_WHAT YOU WILL DO_
Using the data beneath this instruction, retype only the lines from the one that contains "(0, 0), align=None)" down to the one that contains "# Эскиз2 → Повернуть2 (revolve)", both included, exactly as they appear.

=== Begin Enclosure ===

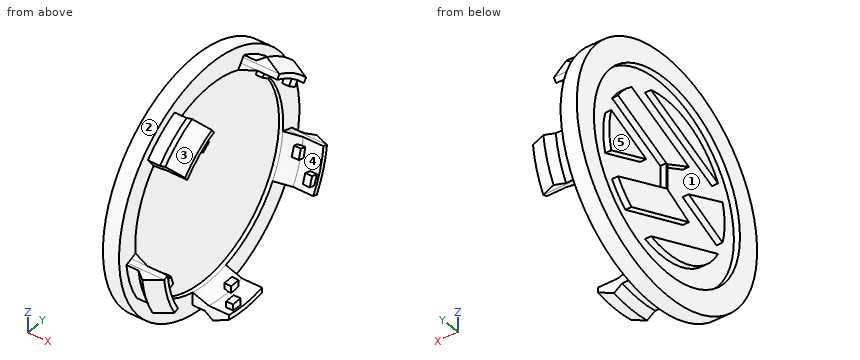
from build123d import *

# Parameters (mm, degrees)
CUT_EXTRUDE_1_DEPTH      = 9
SKETCH_4_W               = 1.7
SKETCH_4_H               = 2.5
EXTRUDE_1_DEPTH          = 2
PATTERN_CIRCULAR_1_COUNT = 5
SKETCH_5_R               = 24.3
CUT_EXTRUDE_2_DEPTH      = 1.5


with BuildPart() as part:
    # Эскиз1 → Повернуть1 (revolve)
    with BuildSketch(Plane.XY, mode=Mode.PRIVATE) as revolve_1_sk:
        Polygon((0, 30), (4, 30), (4, 26), (3, 26), (3, 0), (0, 0), align=None)
    revolve(revolve_1_sk.sketch.rotate(Axis((0, 0, 0), (-1, 0, 0)), 90), axis=Axis((0, 0, 0), (-1, 0, 0)))

    # Эскиз2 → Повернуть2 (revolve)
    with BuildSketch(Plane.XY, mode=Mode.PRIVATE) as revolve_2_sk:
        Polygon((4, 24.594119063), (8, 26.05), (13, 26.05), (13, 27.25), (9, 29.25), (7, 27.75), (3, 27.75), (3, 24.594119063), align=None)
    revolve(revolve_2_sk.sketch.rotate(Axis((0, 0, 0), (1, 0, 0)), 90), axis=Axis((0, 0, 0), (1, 0, 0)))

    # Эскиз3 → Вырез-Вытянуть1 (cut)
    with BuildSketch(Plane(origin=(13, 0, 0), x_dir=(0, 0, -1), z_dir=(1, 0, 0))):
        with BuildLine():
            ThreePointArc((13.478222015, -23.68332813), (22.045713097, -16.017148125), (26.689183202, -5.5))
            Line((26.689183202, -5.5), (25.462766935, -5.5))
            ThreePointArc((25.462766935, -5.5), (21.074892703, -15.311805822), (13.099238546, -22.516936948))
            Line((13.099238546, -22.516936948), (13.478222015, -23.68332813))
        make_face()
        with BuildLine():
            ThreePointArc((13.099238546, -22.516936948), (21.074892703, -15.311805822), (25.462766935, -5.5))
            Line((25.462766935, -5.5), (23.971247203, -5.5))
            ThreePointArc((23.971247203, -5.5), (19.897060284, -14.456060478), (12.638333602, -21.098417387))
            Line((12.638333602, -21.098417387), (13.099238546, -22.516936948))
        make_face()
        with BuildLine():
            ThreePointArc((-18.359183889, -20.137101751), (-8.420713097, -25.916290069), (3.016600336, -27.082515068))
            Line((3.016600336, -27.082515068), (2.637616867, -25.916123886))
            ThreePointArc((2.637616867, -25.916123886), (-8.049892703, -24.775022249), (-17.366992287, -19.416232356))
            Line((-17.366992287, -19.416232356), (-18.359183889, -20.137101751))
        make_face()
        with BuildLine():
            ThreePointArc((-17.366992287, -19.416232356), (-8.049892703, -24.775022249), (2.637616867, -25.916123886))
            Line((2.637616867, -25.916123886), (2.176711923, -24.497604325))
            ThreePointArc((2.176711923, -24.497604325), (-7.600000752, -23.390397197), (-16.160327476, -18.539539054))
            Line((-16.160327476, -18.539539054), (-17.366992287, -19.416232356))
        make_face()
        with BuildLine():
            Line((-23.832630062, 10.517045418), (-24.824821664, 11.237914813))
            ThreePointArc((-24.824821664, 11.237914813), (-27.25, 0), (-24.824821664, -11.237914813))
            Line((-24.824821664, -11.237914813), (-23.832630062, -10.517045418))
            ThreePointArc((-23.832630062, -10.517045418), (-26.05, 0), (-23.832630062, 10.517045418))
        make_face()
        with BuildLine():
            Line((-22.625965251, 9.640352116), (-23.832630062, 10.517045418))
            ThreePointArc((-23.832630062, 10.517045418), (-26.05, 0), (-23.832630062, -10.517045418))
            Line((-23.832630062, -10.517045418), (-22.625965251, -9.640352116))
            ThreePointArc((-22.625965251, -9.640352116), (-24.594119063, 0), (-22.625965251, 9.640352116))
        make_face()
        with BuildLine():
            Line((2.637616867, 25.916123886), (3.016600336, 27.082515068))
            ThreePointArc((3.016600336, 27.082515068), (-8.420713097, 25.916290069), (-18.359183889, 20.137101751))
            Line((-18.359183889, 20.137101751), (-17.366992287, 19.416232356))
            ThreePointArc((-17.366992287, 19.416232356), (-8.049892703, 24.775022249), (2.637616867, 25.916123886))
        make_face()
        with BuildLine():
            Line((2.176711923, 24.497604325), (2.637616867, 25.916123886))
            ThreePointArc((2.637616867, 25.916123886), (-8.049892703, 24.775022249), (-17.366992287, 19.416232356))
            Line((-17.366992287, 19.416232356), (-16.160327476, 18.539539054))
            ThreePointArc((-16.160327476, 18.539539054), (-7.600000752, 23.390397197), (2.176711923, 24.497604325))
        make_face()
        with BuildLine():
            Line((25.462766935, 5.5), (26.689183202, 5.5))
            ThreePointArc((26.689183202, 5.5), (22.045713097, 16.017148125), (13.478222015, 23.68332813))
            Line((13.478222015, 23.68332813), (13.099238546, 22.516936948))
            ThreePointArc((13.099238546, 22.516936948), (21.074892703, 15.311805822), (25.462766935, 5.5))
        make_face()
        with BuildLine():
            Line((23.971247203, 5.5), (25.462766935, 5.5))
            ThreePointArc((25.462766935, 5.5), (21.074892703, 15.311805822), (13.099238546, 22.516936948))
            Line((13.099238546, 22.516936948), (12.638333602, 21.098417387))
            ThreePointArc((12.638333602, 21.098417387), (19.897060284, 14.456060478), (23.971247203, 5.5))
        make_face()
        with BuildLine():
            Line((3.016600336, 27.082515068), (4.573471173, 31.874070813))
            ThreePointArc((4.573471173, 31.874070813), (-9.950505703, 30.624507588), (-22.435124657, 23.09844606))
            Line((-22.435124657, 23.09844606), (-18.359183889, 20.137101751))
            ThreePointArc((-18.359183889, 20.137101751), (-8.420713097, 25.916290069), (3.016600336, 27.082515068))
        make_face()
        with BuildLine():
            Line((-24.824821664, 11.237914813), (-28.900762432, 14.199259122))
            ThreePointArc((-28.900762432, 14.199259122), (-32.200512865, 0), (-28.900762432, -14.199259122))
            Line((-28.900762432, -14.199259122), (-24.824821664, -11.237914813))
            ThreePointArc((-24.824821664, -11.237914813), (-27.25, 0), (-24.824821664, 11.237914813))
        make_face()
        with BuildLine():
            ThreePointArc((-22.435124657, -23.09844606), (-9.950505703, -30.624507588), (4.573471173, -31.874070813))
            Line((4.573471173, -31.874070813), (3.016600336, -27.082515068))
            ThreePointArc((3.016600336, -27.082515068), (-8.420713097, -25.916290069), (-18.359183889, -20.137101751))
            Line((-18.359183889, -20.137101751), (-22.435124657, -23.09844606))
        make_face()
        with BuildLine():
            ThreePointArc((15.035092852, -28.474883875), (26.050762135, -18.926986578), (31.727323063, -5.5))
            Line((31.727323063, -5.5), (26.689183202, -5.5))
            ThreePointArc((26.689183202, -5.5), (22.045713097, -16.017148125), (13.478222015, -23.68332813))
            Line((13.478222015, -23.68332813), (15.035092852, -28.474883875))
        make_face()
        with BuildLine():
            Line((26.689183202, 5.5), (31.727323063, 5.5))
            ThreePointArc((31.727323063, 5.5), (26.050762135, 18.926986578), (15.035092852, 28.474883875))
            Line((15.035092852, 28.474883875), (13.478222015, 23.68332813))
            ThreePointArc((13.478222015, 23.68332813), (22.045713097, 16.017148125), (26.689183202, 5.5))
        make_face()
    extrude(amount=-CUT_EXTRUDE_1_DEPTH, mode=Mode.SUBTRACT)

    # Эскиз4 → Бобышка-Вытянуть1 (add)
    with BuildSketch(Plane.XY.offset(-24.3)):
        with Locations((11.65, -2.25)):
            Rectangle(SKETCH_4_W, SKETCH_4_H)
        with Locations((7.85, 2.25)):
            Rectangle(SKETCH_4_W, SKETCH_4_H)
    extrude_1 = extrude(amount=-EXTRUDE_1_DEPTH)

    # Круговой массив1: Бобышка-Вытянуть1 ×5 about axis
    pattern_circular_1_axis = Axis((0, 0, 0), (1, 0, 0))
    for i in range(1, PATTERN_CIRCULAR_1_COUNT):
        add(extrude_1.rotate(pattern_circular_1_axis, i * 360 / PATTERN_CIRCULAR_1_COUNT))

    # Эскиз5 → Вырез-Вытянуть2 (cut)
    with BuildSketch(Plane(origin=(0, 0, 0), x_dir=(0, 0, -1), z_dir=(1, 0, 0))):
        with Locations(Location((0, 0, 0), (0, 0, 180))):
            Circle(SKETCH_5_R)
        with BuildLine():
            Line((-5.087573742, 18.513686651), (0, 6.870909772))
            Line((0, 6.870909772), (5.087573742, 18.513686651))
            ThreePointArc((5.087573742, 18.513686651), (0, 19.2), (-5.087573742, 18.513686651))
        make_face(mode=Mode.SUBTRACT)
        with BuildLine():
            Line((-10.213287696, 16.25819038), (-3.196299518, 0.2))
            Line((-3.196299518, 0.2), (3.196299518, 0.2))
            Line((3.196299518, 0.2), (10.213287696, 16.25819038))
            ThreePointArc((10.213287696, 16.25819038), (12.879492014, 14.239335851), (15.154936685, 11.788464449))
            Line((15.154936685, 11.788464449), (6.970698587, -7.322816425))
            Line((6.970698587, -7.322816425), (3.180185716, -0.2))
            Line((3.180185716, -0.2), (-3.180185716, -0.2))
            Line((-3.180185716, -0.2), (-6.970698587, -7.322816425))
            Line((-6.970698587, -7.322816425), (-15.154936685, 11.788464449))
            ThreePointArc((-15.154936685, 11.788464449), (-12.879492014, 14.239335851), (-10.213287696, 16.25819038))
        make_face(mode=Mode.SUBTRACT)
        with BuildLine():
            Line((-8.901263668, -17.011981223), (-18.454870493, 5.296957155))
            ThreePointArc((-18.454870493, 5.296957155), (-17.649694103, -7.558326406), (-8.901263668, -17.011981223))
        make_face(mode=Mode.SUBTRACT)
        with BuildLine():
            Line((0, -7.230363982), (-5.083762601, -18.514733534))
            ThreePointArc((-5.083762601, -18.514733534), (0, -19.2), (5.083762601, -18.514733534))
            Line((5.083762601, -18.514733534), (0, -7.230363982))
        make_face(mode=Mode.SUBTRACT)
        with BuildLine():
            Line((8.901263668, -17.011981223), (18.454870493, 5.296957155))
            ThreePointArc((18.454870493, 5.296957155), (17.649694103, -7.558326406), (8.901263668, -17.011981223))
        make_face(mode=Mode.SUBTRACT)
    extrude(amount=CUT_EXTRUDE_2_DEPTH, mode=Mode.SUBTRACT)


solid = part.part
Can you work these out from the model? Positions are in its coordinate system, mm. Face numbers are marked on the shaded views. A direction names the side the tool comes from. Round coordinates to 2 decimals unless told otherwise and drop trailing zeros. Order: outer loops, then holes, each group sorted by start corner. A loop starts at its lowest first (then second) coordinate and runs counter-clockwise, first axis right, second up. Notation, with made-up numbers: (-9, 75.5) -> (12, 75.5) arc R10 ccw to (12, 94.5) -> close; hole circle Ø3 at (-9.75, 66). An arc over 180 degrees is marked (long way). Write each question's results on one line, items separated by ' | '. Start each with the question number.
Item 1: Please list where these lines run through material, in increasing order: L1, parallel to Z at x = 1.25, y = -2.5; L2, parallel to X at y = 3, z = 25; L3, parallel to X at y = -19.5, z = 9.5.
Item 2: Which directions (+Z, -Z, +X, -X, +Y, -Y) give clear straight access to the entire face, cutting with the end or side of a thin tool? Please do the marked faces 4 and 5.
Item 3: Thinking about a two-plate mould opening in Y: for the marked faces 1, 2 and 3, which applies, +Y half, -Y half, draft (parallel to the pull), parting line (faces both ways), or undercut?
Item 4: Will these pins go through, and if not, where does the flat tip stop? pin 1 (1 mm diameter, centred on y = -7.5, z = 2.5, fed in from -X); pin 2 (3 mm diameter, centred on x = 10, z = -13.5, fed in from +Y); pin 3 (2.5 mm diameter, centred on y = -16, z = 18.5, fed in from +X).
Item 5: If we section it at A-A, the plane z = 11: Write out the boundary of the cut face in (x, y).
Results:
1) L1: z = -29.9 to -24.17, -19.04 to -15.12, -9.04 to -4.4, 4.4 to 9.04, 15.12 to 19.04, 24.17 to 29.9 | L2: x = 0 to 4 | L3: x = 1.5 to 3
2) face 4: none | face 5: +Z, -Z, -X, +Y, -Y
3) face 1: undercut | face 2: parting line | face 3: -Y half
4) pin 1: stops at x = 1.5 | pin 2: stops at y = 26.5 | pin 3: stops at x = 8.7
5) outline: (0, -27.91) -> (4, -27.91) -> (4, -22) -> (3, -22) -> (3, 22) -> (4, 22) -> (4, 27.91) -> (0, 27.91) -> (0, 21.67) -> (1.5, 21.67) -> (1.5, 15.74) -> (0, 15.74) -> (0, 2.09) -> (1.5, 2.09) -> (1.5, -12.11) -> (0, -12.11) -> (0, -15.74) -> (1.5, -15.74) -> (1.5, -21.67) -> (0, -21.67) -> close

=== End Enclosure ===

_ANSWER SPACE_
        Polygon((0, 30), (4, 30), (4, 26), (3, 26), (3, 0), (0, 0), align=None)
    revolve(revolve_1_sk.sketch.rotate(Axis((0, 0, 0), (-1, 0, 0)), 90), axis=Axis((0, 0, 0), (-1, 0, 0)))

    # Эскиз2 → Повернуть2 (revolve)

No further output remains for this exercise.